The line containing "Object: the tea" marks the start; repeat it and every following line exactly through the end of the entries.

——————————

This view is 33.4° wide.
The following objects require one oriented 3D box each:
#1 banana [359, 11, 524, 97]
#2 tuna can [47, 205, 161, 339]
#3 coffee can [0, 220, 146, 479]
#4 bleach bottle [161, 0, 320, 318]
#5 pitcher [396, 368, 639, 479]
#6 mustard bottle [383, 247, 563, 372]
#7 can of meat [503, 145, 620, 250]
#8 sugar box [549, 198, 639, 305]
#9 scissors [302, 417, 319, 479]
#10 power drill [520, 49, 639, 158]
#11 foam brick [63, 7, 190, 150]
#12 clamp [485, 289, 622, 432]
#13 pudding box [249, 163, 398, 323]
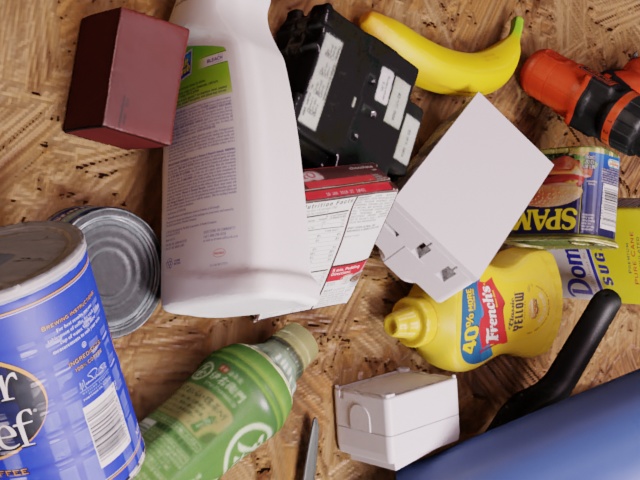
[{"bbox_3d":[0.108,-0.153,0.894,0.197,0.037,0.069,-8,79,-42],"label":"banana"},{"bbox_3d":[-0.141,0.021,0.677,0.085,0.034,0.086,-2,93,-42],"label":"tuna can"},{"bbox_3d":[-0.164,0.073,0.599,0.102,0.103,0.140,-30,119,-37],"label":"coffee can"},{"bbox_3d":[-0.055,-0.079,0.690,0.068,0.103,0.251,14,71,-53],"label":"bleach bottle"},{"bbox_3d":[0.193,0.192,0.837,0.243,0.149,0.145,-27,111,8],"label":"pitcher"},{"bbox_3d":[0.126,0.060,0.900,0.191,0.058,0.096,-5,101,-41],"label":"mustard bottle"},{"bbox_3d":[0.215,-0.036,0.947,0.057,0.102,0.084,10,83,-41],"label":"can of meat"},{"bbox_3d":[0.283,0.010,0.958,0.048,0.177,0.093,-22,105,-42],"label":"sugar box"},{"bbox_3d":[-0.003,0.245,0.820,0.096,0.016,0.201,29,73,-40],"label":"scissors"},{"bbox_3d":[0.299,-0.121,0.981,0.187,0.185,0.057,-9,131,-48],"label":"power drill"},{"bbox_3d":[-0.123,-0.101,0.678,0.052,0.051,0.078,14,82,-40],"label":"foam brick"},{"bbox_3d":[0.211,0.161,0.976,0.209,0.036,0.164,-43,138,-18],"label":"clamp"},{"bbox_3d":[-0.005,0.001,0.755,0.089,0.039,0.114,-8,133,-37],"label":"pudding box"}]
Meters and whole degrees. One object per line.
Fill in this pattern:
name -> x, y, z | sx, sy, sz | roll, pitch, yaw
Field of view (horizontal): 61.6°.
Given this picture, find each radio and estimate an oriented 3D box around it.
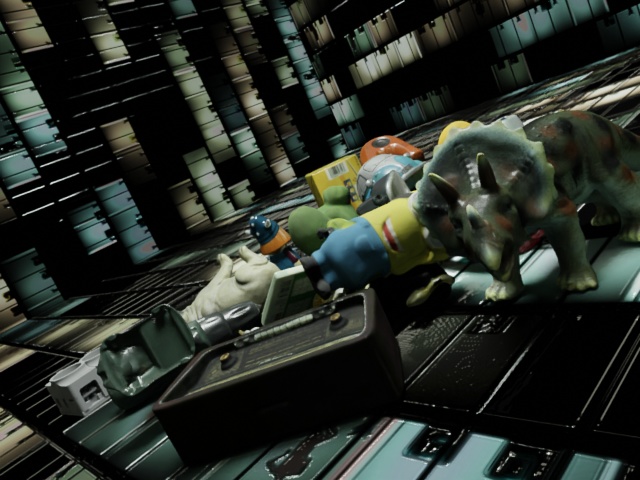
radio -> -0.035, 0.131, 0.536 | 0.230, 0.073, 0.131 | -21, 12, 15

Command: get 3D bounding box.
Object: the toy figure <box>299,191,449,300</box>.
toy figure -> 0.064, 0.000, 0.601 | 0.180, 0.082, 0.089 | -28, 26, -8

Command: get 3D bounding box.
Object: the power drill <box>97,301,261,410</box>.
power drill -> -0.184, 0.135, 0.696 | 0.232, 0.086, 0.207 | -31, -5, -9

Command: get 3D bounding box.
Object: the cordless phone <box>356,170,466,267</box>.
cordless phone -> 0.142, -0.026, 0.701 | 0.089, 0.146, 0.184 | -36, 11, -19

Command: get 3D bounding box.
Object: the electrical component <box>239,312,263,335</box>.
electrical component -> -0.056, 0.118, 0.714 | 0.078, 0.045, 0.102 | -16, 13, 41

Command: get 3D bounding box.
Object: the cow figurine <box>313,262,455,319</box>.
cow figurine -> 0.072, 0.068, 0.633 | 0.167, 0.068, 0.098 | -24, 17, 4

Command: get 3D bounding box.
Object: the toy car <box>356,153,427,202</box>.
toy car -> 0.115, -0.094, 0.930 | 0.109, 0.103, 0.161 | -36, -15, -22

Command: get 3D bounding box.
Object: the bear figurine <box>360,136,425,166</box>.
bear figurine -> 0.140, -0.104, 1.081 | 0.120, 0.195, 0.132 | -19, 36, -8

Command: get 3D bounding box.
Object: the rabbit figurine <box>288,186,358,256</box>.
rabbit figurine -> -0.002, -0.003, 0.886 | 0.121, 0.159, 0.170 | -22, -8, 20

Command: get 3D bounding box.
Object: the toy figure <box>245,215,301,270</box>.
toy figure -> -0.068, 0.024, 0.892 | 0.064, 0.154, 0.058 | -26, 10, 12

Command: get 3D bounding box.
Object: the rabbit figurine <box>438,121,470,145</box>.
rabbit figurine -> 0.232, -0.098, 0.795 | 0.122, 0.173, 0.162 | -25, 15, 16

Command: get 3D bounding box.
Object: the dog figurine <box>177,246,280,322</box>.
dog figurine -> -0.151, 0.116, 0.841 | 0.172, 0.121, 0.190 | -18, 26, 47

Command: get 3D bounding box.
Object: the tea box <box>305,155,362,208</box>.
tea box -> 0.053, -0.065, 1.015 | 0.098, 0.169, 0.068 | -25, 10, -10

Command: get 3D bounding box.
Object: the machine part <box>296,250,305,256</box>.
machine part -> -0.086, 0.060, 0.997 | 0.139, 0.039, 0.084 | -23, -17, -36

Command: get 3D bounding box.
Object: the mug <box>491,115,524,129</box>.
mug -> 0.388, -0.194, 1.076 | 0.081, 0.107, 0.109 | -28, 9, -9

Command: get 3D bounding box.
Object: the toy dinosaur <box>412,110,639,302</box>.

——————————

> [Response to this exercise]:
Object: the tea box <box>305,155,362,208</box>.
tea box -> 0.053, -0.065, 1.015 | 0.098, 0.169, 0.068 | -25, 10, -10

Command: get 3D bounding box.
Object: the machine part <box>296,250,305,256</box>.
machine part -> -0.086, 0.060, 0.997 | 0.139, 0.039, 0.084 | -23, -17, -36

Command: get 3D bounding box.
Object: the mug <box>491,115,524,129</box>.
mug -> 0.388, -0.194, 1.076 | 0.081, 0.107, 0.109 | -28, 9, -9

Command: get 3D bounding box.
Object: the toy dinosaur <box>412,110,639,302</box>.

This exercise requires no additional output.